--- START ---
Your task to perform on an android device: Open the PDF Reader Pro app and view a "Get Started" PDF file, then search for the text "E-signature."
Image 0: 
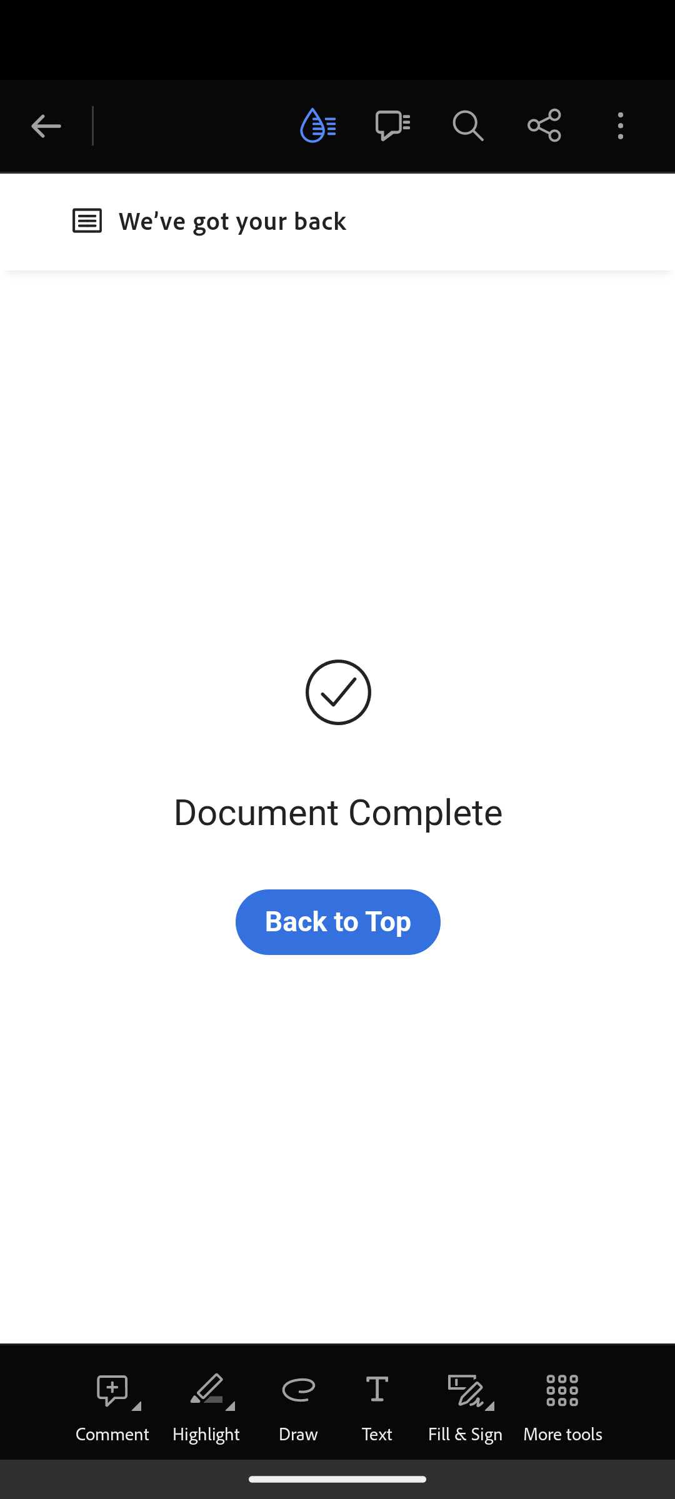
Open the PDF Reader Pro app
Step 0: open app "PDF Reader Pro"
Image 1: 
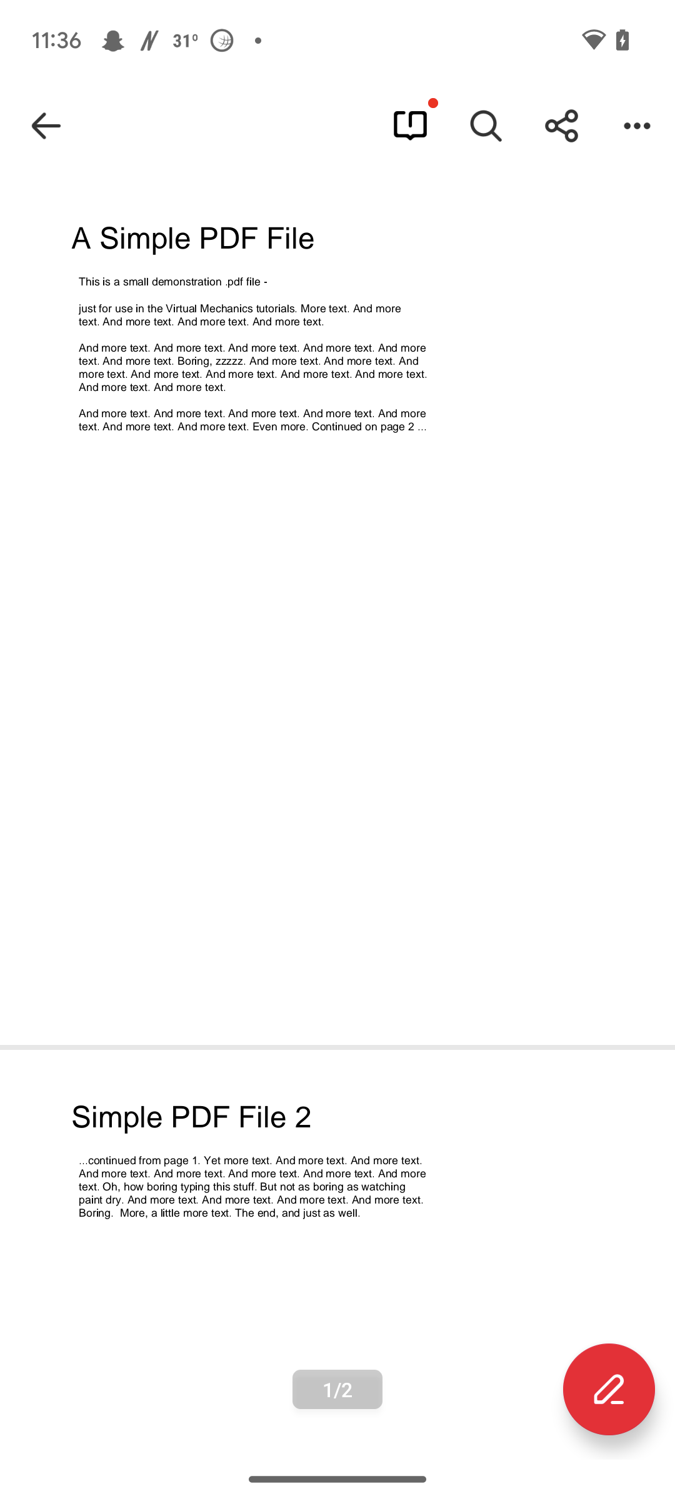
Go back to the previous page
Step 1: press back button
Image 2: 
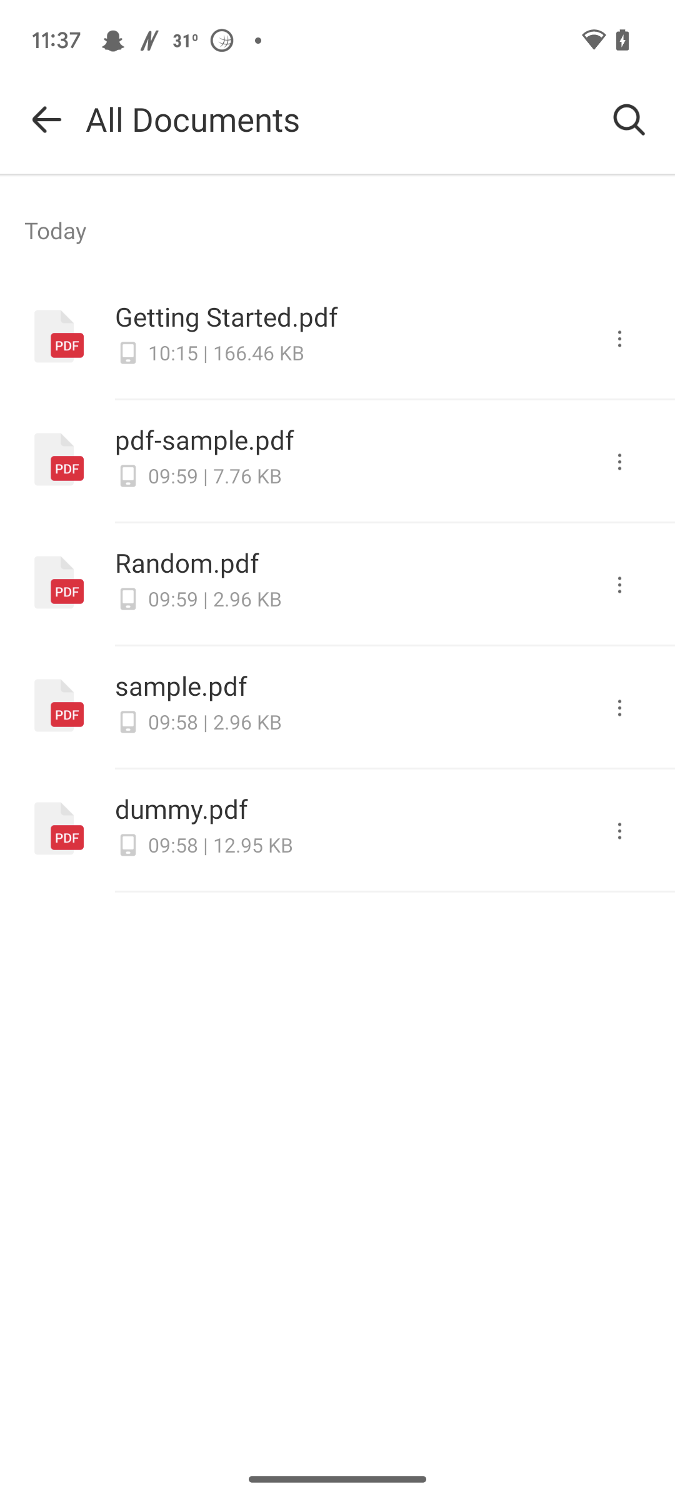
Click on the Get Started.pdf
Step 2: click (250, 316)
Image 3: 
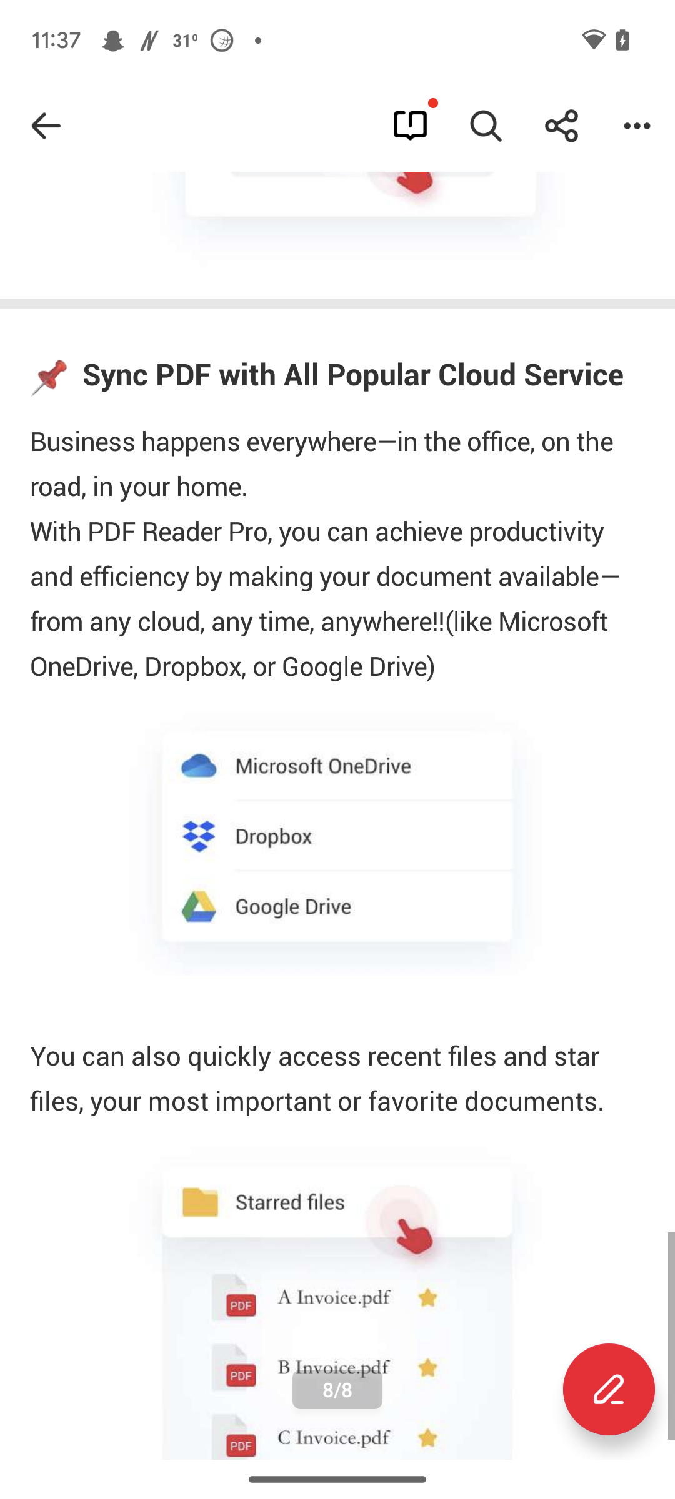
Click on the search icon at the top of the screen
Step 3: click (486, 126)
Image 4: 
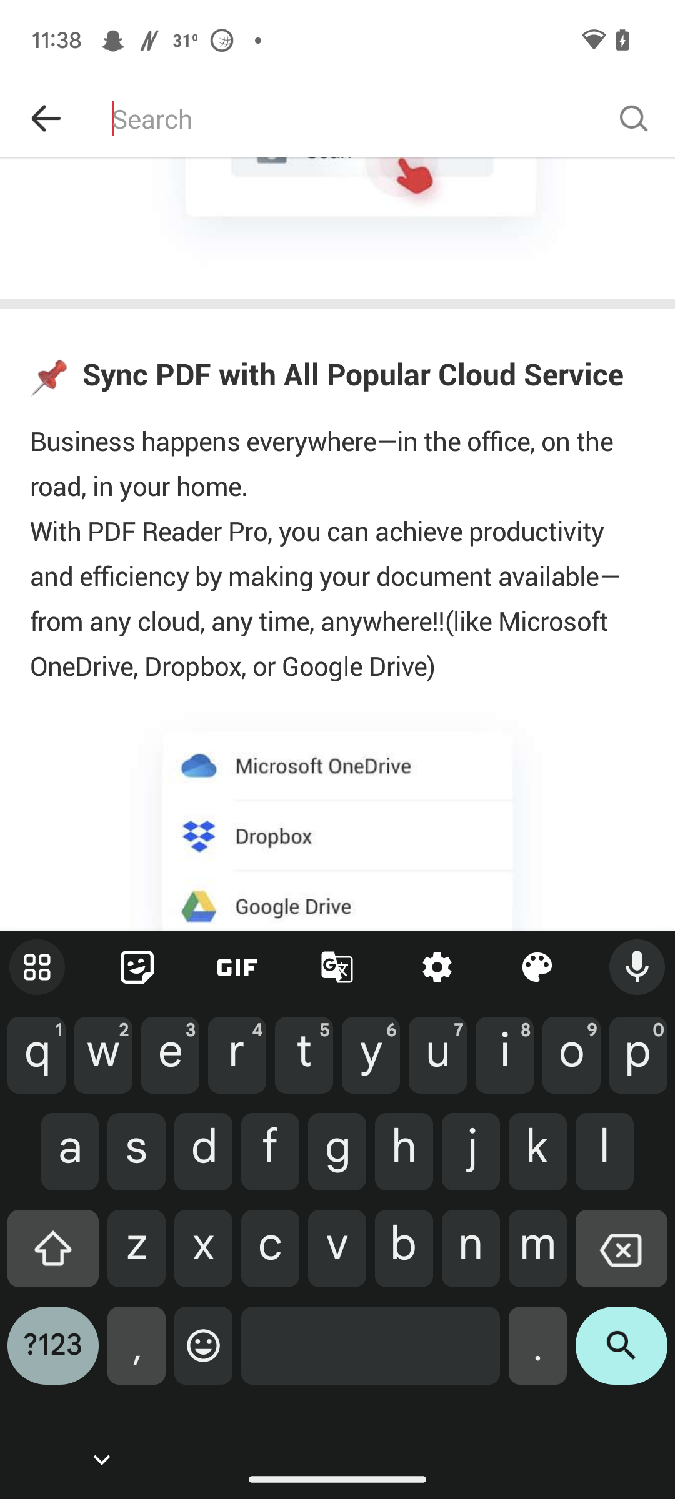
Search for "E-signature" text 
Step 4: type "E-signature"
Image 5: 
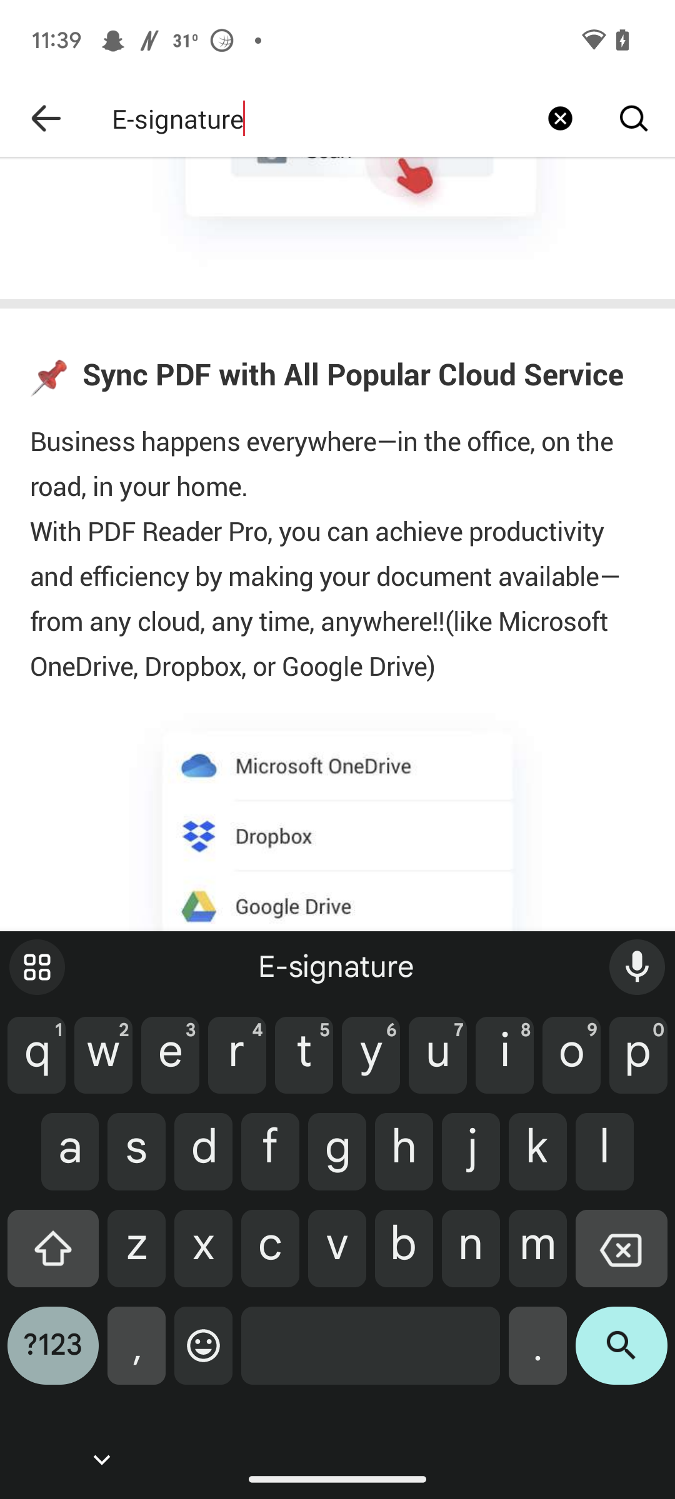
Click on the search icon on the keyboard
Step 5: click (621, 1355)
--- END ---
**How to complete this task:** Reproduce exactly the lines that run from the line holding "Step 2: click (250, 316)" through the final line of the entries, and omit every picture.

**Answer to this problem:**
Step 2: click (250, 316)
Image 3: 
Click on the search icon at the top of the screen
Step 3: click (486, 126)
Image 4: 
Search for "E-signature" text 
Step 4: type "E-signature"
Image 5: 
Click on the search icon on the keyboard
Step 5: click (621, 1355)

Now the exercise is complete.